A 2004 study by Kyoto University Professor Akio Koizumi identified Daikin as the source of PFOA pollution in the Yodo river. In 2020 a Settsu city survey in Osaka found elevated levels of PFAS contamination in groundwater and waterways. One well used to irrigate crops was found to have levels 420 times over the national average. In 2021 blood tests of 9 residents living near Daikin's Yodogawa factory revealed elevated levels of PFAS, the highest in a 69-year old man 70 times the national average. Daikin had suspended production of PFAS-based water repellents in 2012 and stated the risks were "only possibly carcinogenic, like how pickled vegetables are" and that the water in Daikin's wastewater treatment tanks as "clean enough to drink" at a city council meeting. Daikin later issued retractions towards the "clean enough to drink" statement.
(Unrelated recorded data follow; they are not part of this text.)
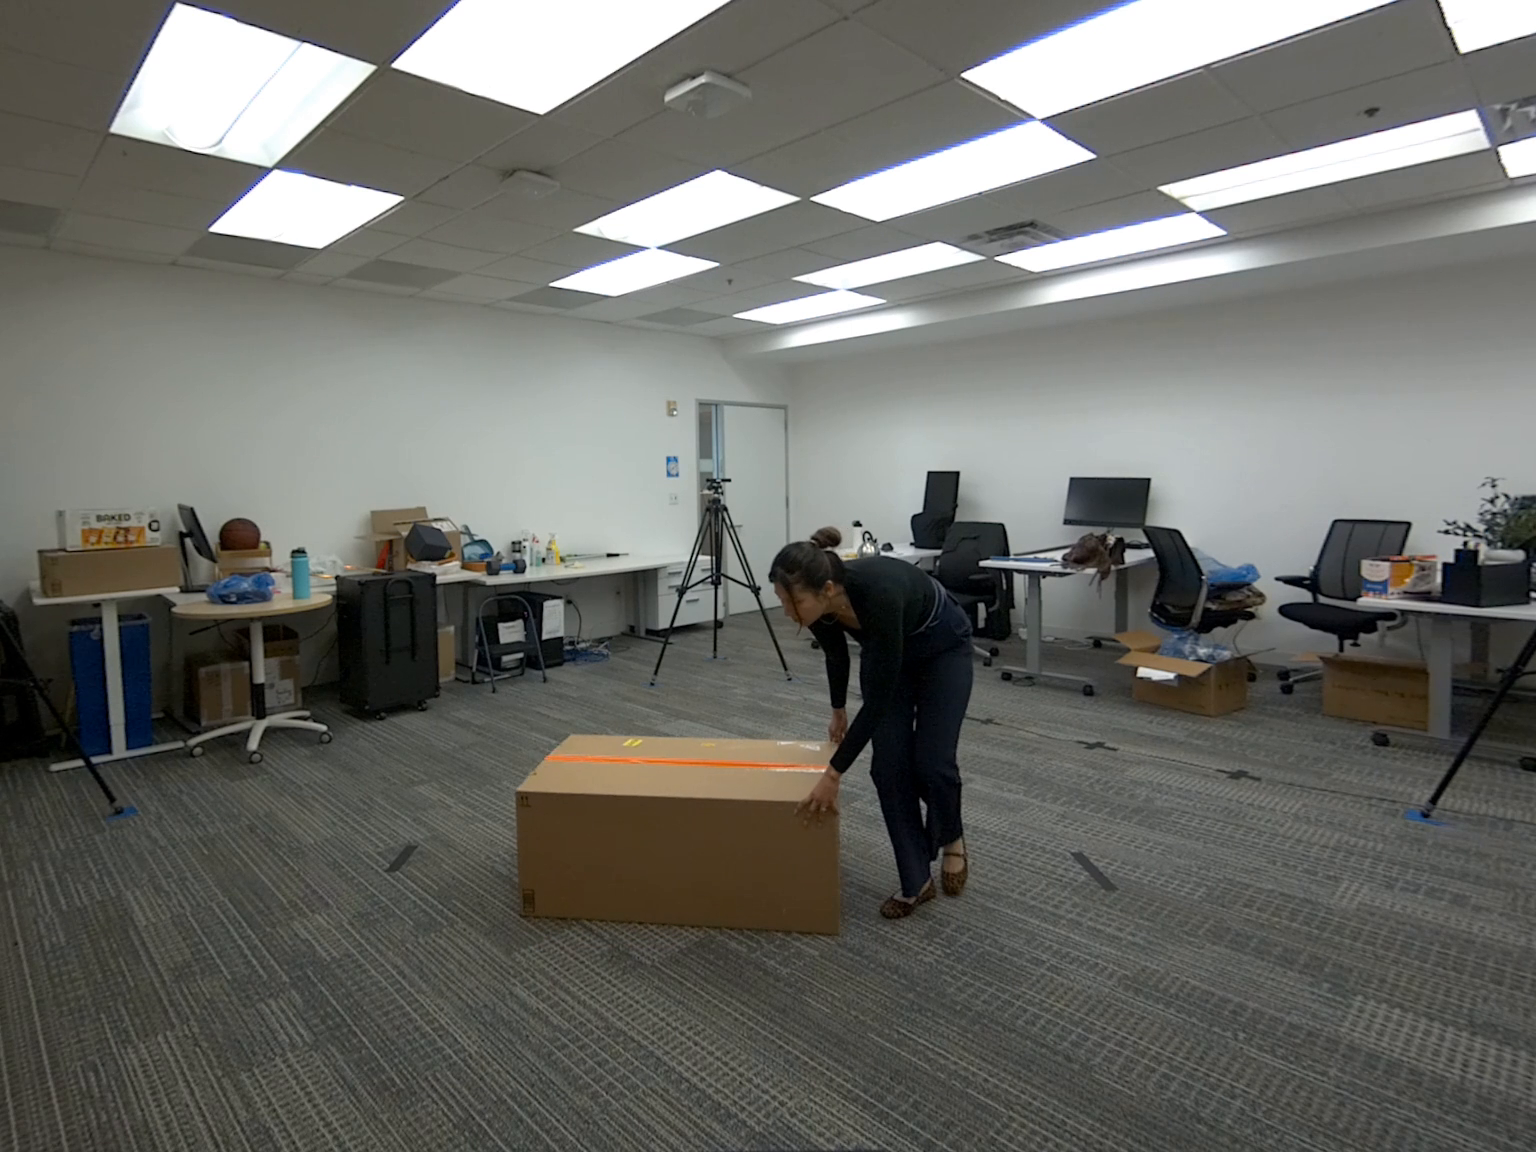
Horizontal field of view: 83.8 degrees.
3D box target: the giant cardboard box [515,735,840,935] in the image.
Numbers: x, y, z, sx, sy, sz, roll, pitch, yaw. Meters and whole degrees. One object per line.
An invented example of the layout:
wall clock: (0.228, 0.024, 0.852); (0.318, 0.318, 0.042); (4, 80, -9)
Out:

Production and export of perfluorinated compounds in Japan have been banned since 2021.

==Business divisions and products==
Daikin is organised into the following divisions, offering the following products:
- Air conditioning
  - Residential air conditioners
  - Residential air purifiers
  - Commercial-use air conditioners
  - Commercial-use air purifiers
  - Humidity-adjusting external air-processing units
  - Large-sized chillers
  - Marine container refrigeration units
  - Marine vessel air conditioners
- Chemicals
  - Fluorocarbons
  - Fluoroplastics
  - Fluoro coatings
  - Fluoroelastomers
  - Fluorinated oils
  - Oil- and water-repellent products
  - Mold release agents
  - Pharmaceuticals and intermediates
  - Semiconductor-etching products
  - Dry air suppliers
- Air filtration
- Oil hydraulics
  - Industrial hydraulic equipment and systems
  - Mobile hydraulic equipment
  - Centralized lubrication equipment and systems
- Medical equipment
  - Rebreathers and similar equipment
  - Home-use oxygen therapy equipment
- Electronics business
  - System management of product development process
  - Facility design CAD software
  - Molecular chemistry software

==Daikin Industries, Ltd.==
In August 2016, Daikin Industries Ltd opened a fully functional headquarters in Cairo, Egypt. Daikin Cairo is yet another move for the company to establish business in Africa. Plans are underway to open more headquarters.